Tweetalig opvoeden is enorm populair. Het blijkt heel goed te zijn voor de taalontwikkeling van kinderen. Bovendien is het natuurlijk ook praktisch, zeker als een van de talen het Engels is. Maar hoe voed je je kind eigenlijk tweetalig op? Het is minder makkelijk dan het lijkt. Want als je er niet consequent in bent en de tweede taal er maar wat bij doet, zal het kind niet echt tweetalig worden. Dit zijn 6 tips om je kind vloeiend tweetalig op te voeden.

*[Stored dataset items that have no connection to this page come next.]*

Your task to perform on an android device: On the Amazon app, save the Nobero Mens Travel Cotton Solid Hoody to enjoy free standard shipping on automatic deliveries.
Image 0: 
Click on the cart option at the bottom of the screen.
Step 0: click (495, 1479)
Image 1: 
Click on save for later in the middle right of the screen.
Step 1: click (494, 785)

1. Elke taal zijn eigen plek
Vaak is het voor kinderen het gemakkelijkst als elke taal een vaste plek heeft. Bijvoorbeeld: buitenshuis wordt Nederlands gesproken maar thuis spreken we een andere taal. Dit is wat je bijvoorbeeld veel ziet bij immigranten. Het werkt doorgaans prima, want op school en andere plaatsen krijgt het kind genoeg van de tweede taal mee om ook die goed te leren spreken.

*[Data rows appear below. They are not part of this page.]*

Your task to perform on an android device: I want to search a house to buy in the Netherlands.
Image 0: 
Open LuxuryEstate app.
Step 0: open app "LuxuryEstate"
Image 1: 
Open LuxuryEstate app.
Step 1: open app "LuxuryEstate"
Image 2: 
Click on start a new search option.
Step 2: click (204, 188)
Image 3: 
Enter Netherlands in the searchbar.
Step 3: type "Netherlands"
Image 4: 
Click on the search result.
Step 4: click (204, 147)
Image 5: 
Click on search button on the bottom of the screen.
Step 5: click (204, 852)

2. Elke taal zijn eigen persoon
Taal wordt door kinderen al snel verbonden aan een bepaalde plaats. Maar dat hoeft niet perse: taal kan ook gebonden zijn aan een persoon. Er is een voorbeeld bekend van een echtpaar in Parijs dat hun kinderen drietalig opvoedt: de moeder is Nederlands, de vader Engels en buitenshuis wordt Frans gesproken. En zolang elke persoon dat consequent volhoudt, is dat voor kinderen geen enkel probleem.

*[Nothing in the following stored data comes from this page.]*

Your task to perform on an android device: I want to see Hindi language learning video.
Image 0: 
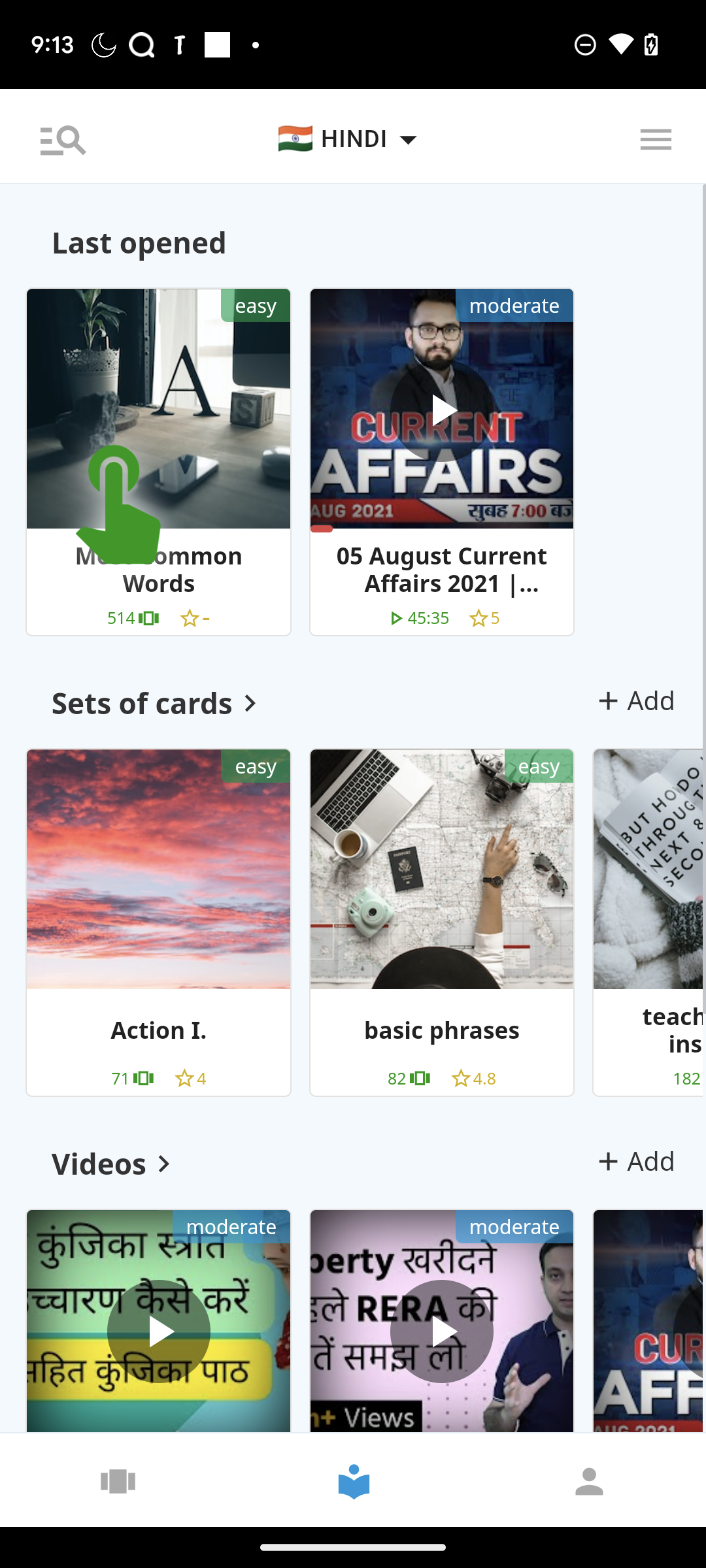
Swipe up to view videos.
Step 0: scroll down
Image 1: 
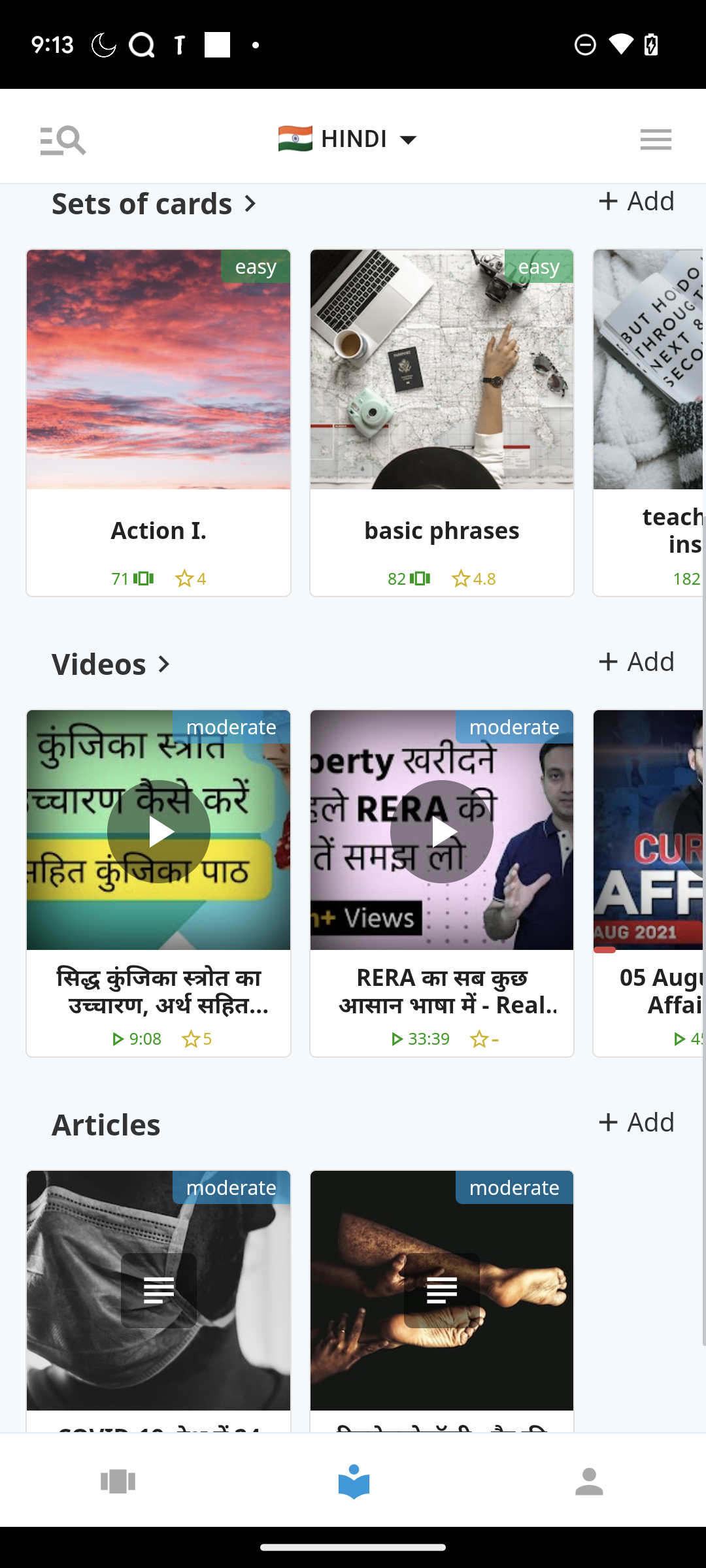
Click on the first video.
Step 1: click (158, 882)
Image 2: 
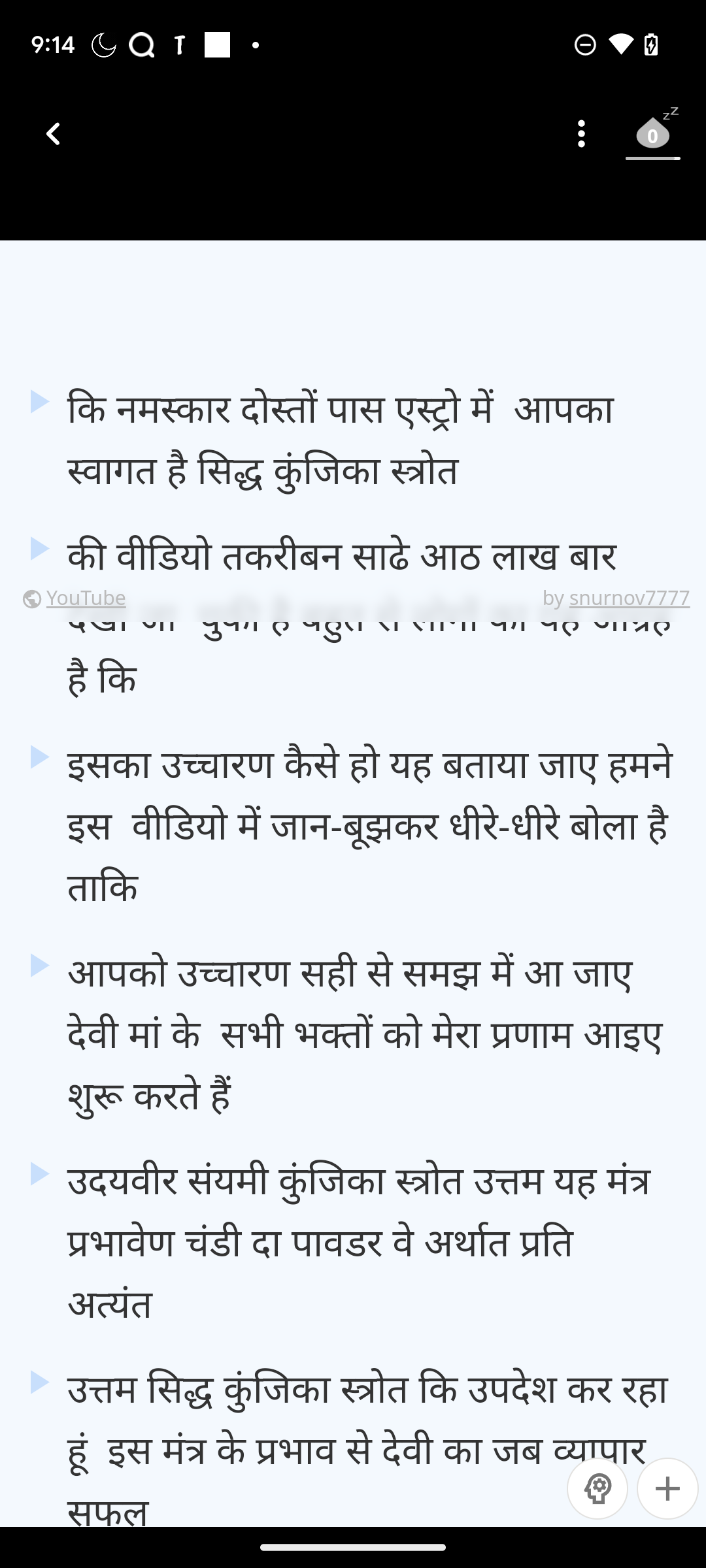
Click on the first video.
Step 2: wait

3. Consequent zijn is de sleutel
Meertalig opvoeden loopt vaak mis. Het gaat het vaakst mis bij het consequent zijn. Als je je kind echt tweetalig wilt opvoeden, is het nodig dat het kind genoeg in aanraking komt met beide talen. Is de tweede taal voor jullie beiden een vreemde taal, dan is het moeilijk dit consequent vol te houden. Dat zie je vooral bij ouders die beide Nederlands zijn en hun kind het Engels als tweede taal willen meegeven. Als je zelf vaak vergeet Engels te spreken of snel overschakelt, heeft het niet zo heel veel zin.
4. Talen door elkaar
Baby’s en kleine kindjes hebben er soms moeite mee de twee talen te onderscheiden. Dat is meestal helemaal geen probleem. Het kind zal de woorden kiezen die hij kent, desnoods uit beide talen door elkaar. Pas vanaf een leeftijd van 3 jaar gaat het kind beter onderscheiden dat er twee verschillende talen zijn. Hij zal pas vanaf vijf jaar echt in staat zijn om altijd de juiste taal tegen de juiste persoon te gebruiken. Maar dat leert hij vanzelf.
5. Talen na elkaar leren
Soms leren kinderen pas later een tweede taal. Bijvoorbeeld als het gezin verhuisd naar een ander land. Jonge kinderen pikken de nieuwe taal meestal heel erg snel op. Ze spreken al binnen een maand verschillende woordjes en maken (foute) zinnetjes. Oudere kinderen, vanaf ongeveer zes jaar, doen er langer over. Maar als ze dan eenmaal beginnen met het spreken van de andere taal, doen ze dat meestal meteen goed.
6. Genoeg oefening
Om een taal echt vloeiend te leren, moet je deze blijven horen. Dat betekent niet dat je alleen een boekje in het Engels voorleest of af en toe Duits spreekt. De taal moet heel erg veel gebruikt worden in de omgeving van het kind. En dus is het noodzakelijk dat je de taal consequent spreekt gedurende een heel lange periode.
Tweetalig opvoeden is een hype, maar lukt meestal niet echt in de praktijk, tenzij er een duidelijke reden voor is. Toch zijn er wel heel veel kinderen die al jong in aanraking komen met andere talen. Met name door Engels voor te lezen en Engelse filmpjes te kijken kun je taalontwikkeling stimuleren. We spreken dan echter niet van tweetalig opvoeden, omdat de tweede taal dan niet consequent gesproken wordt. Maar het helpt je kind wel om sneller een andere taal onder de knie te krijgen.
Ik zie in mijn omgeving steeds vaker dat kinderen tweetalig opgevoed worden door hun ouders en middels extra lessen. Je hebt hier later veel voordeel mee en ik probeer mijn kinderen ook te stimuleren om meer Engelse tv te kijken. Ook merk ik dat ze het leuk vinden om een nieuwe taal te leren. Wellicht vinden ze het ook leuk om een keer een cursus te volgen!